⟨
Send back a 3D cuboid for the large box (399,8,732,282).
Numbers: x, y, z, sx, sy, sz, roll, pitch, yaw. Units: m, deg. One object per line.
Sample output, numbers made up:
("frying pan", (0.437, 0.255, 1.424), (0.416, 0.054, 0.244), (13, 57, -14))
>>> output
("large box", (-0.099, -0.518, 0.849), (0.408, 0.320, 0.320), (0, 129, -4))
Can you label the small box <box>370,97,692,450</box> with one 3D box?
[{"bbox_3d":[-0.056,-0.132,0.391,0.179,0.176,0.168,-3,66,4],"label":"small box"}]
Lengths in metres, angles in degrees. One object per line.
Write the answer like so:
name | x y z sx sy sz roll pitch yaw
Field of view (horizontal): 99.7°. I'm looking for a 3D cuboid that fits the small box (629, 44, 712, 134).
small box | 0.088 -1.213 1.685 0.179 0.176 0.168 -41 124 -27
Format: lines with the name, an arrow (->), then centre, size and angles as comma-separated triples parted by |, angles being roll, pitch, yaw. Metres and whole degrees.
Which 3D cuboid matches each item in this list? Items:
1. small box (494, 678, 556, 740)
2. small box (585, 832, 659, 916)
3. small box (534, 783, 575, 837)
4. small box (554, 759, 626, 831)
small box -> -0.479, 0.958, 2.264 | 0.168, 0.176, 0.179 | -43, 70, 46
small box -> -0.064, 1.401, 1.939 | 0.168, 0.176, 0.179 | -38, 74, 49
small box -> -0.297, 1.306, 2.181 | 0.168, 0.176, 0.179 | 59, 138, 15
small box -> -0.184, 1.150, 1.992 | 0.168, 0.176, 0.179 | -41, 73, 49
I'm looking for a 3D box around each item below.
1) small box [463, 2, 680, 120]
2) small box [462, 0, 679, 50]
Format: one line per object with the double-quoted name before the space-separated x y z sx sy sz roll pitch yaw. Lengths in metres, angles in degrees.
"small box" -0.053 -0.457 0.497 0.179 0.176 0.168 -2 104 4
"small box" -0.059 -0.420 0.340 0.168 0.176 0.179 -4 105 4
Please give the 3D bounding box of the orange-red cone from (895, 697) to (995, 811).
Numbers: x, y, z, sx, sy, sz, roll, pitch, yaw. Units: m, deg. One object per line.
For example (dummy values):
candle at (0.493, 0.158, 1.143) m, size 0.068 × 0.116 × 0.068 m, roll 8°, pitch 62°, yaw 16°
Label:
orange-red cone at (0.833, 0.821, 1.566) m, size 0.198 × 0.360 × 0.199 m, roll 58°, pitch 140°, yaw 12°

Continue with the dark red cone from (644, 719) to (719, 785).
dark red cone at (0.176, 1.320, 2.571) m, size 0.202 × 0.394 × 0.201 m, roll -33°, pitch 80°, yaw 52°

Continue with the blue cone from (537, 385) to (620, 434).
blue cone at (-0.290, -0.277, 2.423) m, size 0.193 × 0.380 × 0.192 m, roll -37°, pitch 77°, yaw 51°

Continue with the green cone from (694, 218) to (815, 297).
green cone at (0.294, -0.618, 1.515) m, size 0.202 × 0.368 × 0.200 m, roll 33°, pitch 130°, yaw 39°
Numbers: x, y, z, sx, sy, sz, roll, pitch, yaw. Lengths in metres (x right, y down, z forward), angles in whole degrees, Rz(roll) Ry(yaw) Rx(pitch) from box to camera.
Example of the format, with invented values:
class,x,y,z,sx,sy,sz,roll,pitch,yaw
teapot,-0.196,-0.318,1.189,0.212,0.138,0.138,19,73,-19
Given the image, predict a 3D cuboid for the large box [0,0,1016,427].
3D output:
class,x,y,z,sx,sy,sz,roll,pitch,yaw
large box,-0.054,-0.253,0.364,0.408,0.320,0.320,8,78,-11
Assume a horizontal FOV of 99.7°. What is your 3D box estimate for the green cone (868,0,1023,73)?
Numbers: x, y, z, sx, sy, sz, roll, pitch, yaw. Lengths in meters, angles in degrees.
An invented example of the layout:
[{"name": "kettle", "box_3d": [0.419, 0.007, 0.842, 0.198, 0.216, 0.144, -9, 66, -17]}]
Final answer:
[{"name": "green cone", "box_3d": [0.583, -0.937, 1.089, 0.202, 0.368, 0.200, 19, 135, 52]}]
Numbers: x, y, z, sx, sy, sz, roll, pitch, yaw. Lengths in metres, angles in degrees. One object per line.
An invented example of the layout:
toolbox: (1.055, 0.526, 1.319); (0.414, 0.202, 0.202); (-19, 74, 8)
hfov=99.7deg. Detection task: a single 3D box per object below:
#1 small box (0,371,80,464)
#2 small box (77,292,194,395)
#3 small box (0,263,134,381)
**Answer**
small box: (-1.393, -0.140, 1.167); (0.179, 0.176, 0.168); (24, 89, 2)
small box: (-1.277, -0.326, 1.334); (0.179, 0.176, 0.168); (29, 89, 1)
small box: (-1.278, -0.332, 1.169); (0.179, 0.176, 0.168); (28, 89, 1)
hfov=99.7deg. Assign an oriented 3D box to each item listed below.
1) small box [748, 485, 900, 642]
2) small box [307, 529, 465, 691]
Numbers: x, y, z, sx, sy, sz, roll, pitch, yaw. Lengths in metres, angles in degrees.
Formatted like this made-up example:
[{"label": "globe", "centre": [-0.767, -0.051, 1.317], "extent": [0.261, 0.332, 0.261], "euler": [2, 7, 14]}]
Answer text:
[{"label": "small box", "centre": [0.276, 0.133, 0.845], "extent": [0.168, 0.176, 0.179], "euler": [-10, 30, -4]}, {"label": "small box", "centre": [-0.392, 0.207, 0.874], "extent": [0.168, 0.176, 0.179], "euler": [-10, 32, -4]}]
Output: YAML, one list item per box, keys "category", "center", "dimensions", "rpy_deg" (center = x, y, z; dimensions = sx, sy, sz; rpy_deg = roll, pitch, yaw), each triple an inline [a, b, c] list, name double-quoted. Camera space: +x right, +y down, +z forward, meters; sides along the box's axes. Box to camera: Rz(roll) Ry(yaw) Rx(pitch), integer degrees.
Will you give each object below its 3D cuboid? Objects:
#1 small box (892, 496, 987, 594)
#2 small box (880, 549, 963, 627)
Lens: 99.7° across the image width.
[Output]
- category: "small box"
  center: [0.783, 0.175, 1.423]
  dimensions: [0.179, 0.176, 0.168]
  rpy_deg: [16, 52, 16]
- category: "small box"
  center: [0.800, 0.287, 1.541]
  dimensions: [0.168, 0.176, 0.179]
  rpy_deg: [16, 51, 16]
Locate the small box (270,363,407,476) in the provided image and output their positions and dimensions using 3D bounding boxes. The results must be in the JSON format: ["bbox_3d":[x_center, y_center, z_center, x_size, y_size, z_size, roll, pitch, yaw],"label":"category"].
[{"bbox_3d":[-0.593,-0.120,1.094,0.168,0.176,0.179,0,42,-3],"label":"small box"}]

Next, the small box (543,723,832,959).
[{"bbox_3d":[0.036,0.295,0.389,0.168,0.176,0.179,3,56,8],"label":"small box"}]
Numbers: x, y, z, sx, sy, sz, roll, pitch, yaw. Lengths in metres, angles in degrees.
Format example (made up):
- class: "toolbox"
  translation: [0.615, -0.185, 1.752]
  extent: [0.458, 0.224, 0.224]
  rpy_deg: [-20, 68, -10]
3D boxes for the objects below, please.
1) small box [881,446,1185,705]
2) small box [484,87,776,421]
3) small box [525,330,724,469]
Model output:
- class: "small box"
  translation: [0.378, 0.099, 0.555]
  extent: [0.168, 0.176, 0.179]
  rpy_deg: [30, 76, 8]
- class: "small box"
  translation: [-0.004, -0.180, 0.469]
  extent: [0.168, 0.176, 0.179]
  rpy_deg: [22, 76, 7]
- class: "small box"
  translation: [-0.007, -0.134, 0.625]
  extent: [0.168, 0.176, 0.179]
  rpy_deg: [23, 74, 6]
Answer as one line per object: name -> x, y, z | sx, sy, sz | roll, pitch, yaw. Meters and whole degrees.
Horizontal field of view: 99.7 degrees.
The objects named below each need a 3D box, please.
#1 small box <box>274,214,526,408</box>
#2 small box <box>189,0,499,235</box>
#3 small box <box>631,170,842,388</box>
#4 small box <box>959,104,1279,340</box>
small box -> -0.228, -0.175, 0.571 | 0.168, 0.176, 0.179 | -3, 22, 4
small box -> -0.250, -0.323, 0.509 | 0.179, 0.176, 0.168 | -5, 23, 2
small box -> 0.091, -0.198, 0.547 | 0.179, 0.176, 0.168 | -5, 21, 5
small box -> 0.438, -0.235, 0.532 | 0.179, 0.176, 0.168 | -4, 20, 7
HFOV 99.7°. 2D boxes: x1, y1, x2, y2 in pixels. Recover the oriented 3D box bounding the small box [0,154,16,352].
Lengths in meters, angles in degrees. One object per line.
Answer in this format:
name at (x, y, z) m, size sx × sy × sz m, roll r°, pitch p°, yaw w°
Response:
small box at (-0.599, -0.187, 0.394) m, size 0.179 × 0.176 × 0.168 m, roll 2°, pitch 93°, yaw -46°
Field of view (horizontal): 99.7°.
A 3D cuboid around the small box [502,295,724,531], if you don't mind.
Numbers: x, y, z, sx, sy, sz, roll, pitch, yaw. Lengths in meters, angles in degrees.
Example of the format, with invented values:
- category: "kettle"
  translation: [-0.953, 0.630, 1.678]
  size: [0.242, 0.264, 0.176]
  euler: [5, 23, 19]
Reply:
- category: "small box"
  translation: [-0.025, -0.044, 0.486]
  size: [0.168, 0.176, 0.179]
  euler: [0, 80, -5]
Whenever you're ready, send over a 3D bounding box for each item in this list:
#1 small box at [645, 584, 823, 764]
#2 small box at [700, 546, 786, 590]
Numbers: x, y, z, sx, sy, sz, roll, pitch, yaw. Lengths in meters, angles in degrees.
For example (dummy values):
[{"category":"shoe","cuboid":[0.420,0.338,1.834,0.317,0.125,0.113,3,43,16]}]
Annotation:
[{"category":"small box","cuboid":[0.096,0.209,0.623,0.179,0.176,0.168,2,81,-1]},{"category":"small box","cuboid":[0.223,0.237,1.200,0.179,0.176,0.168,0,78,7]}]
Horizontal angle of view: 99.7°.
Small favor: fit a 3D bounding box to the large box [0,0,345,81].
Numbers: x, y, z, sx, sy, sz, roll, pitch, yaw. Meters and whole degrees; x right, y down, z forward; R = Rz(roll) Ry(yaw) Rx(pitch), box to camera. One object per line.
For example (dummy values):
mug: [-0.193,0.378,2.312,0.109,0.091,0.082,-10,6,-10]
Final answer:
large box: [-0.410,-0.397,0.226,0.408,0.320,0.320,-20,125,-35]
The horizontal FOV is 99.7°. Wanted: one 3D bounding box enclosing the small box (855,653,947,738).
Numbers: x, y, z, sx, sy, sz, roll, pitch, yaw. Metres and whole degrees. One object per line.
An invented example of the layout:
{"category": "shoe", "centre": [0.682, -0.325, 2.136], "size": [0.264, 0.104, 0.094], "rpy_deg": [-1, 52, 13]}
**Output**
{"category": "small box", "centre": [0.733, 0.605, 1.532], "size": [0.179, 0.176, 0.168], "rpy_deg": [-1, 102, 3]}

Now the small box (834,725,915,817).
⟩
Your response should be each line that includes the word "toolbox", copied from the records.

> ANSWER BELOW
toolbox: (1.055, 0.526, 1.319); (0.414, 0.202, 0.202); (-19, 74, 8)
- class: "toolbox"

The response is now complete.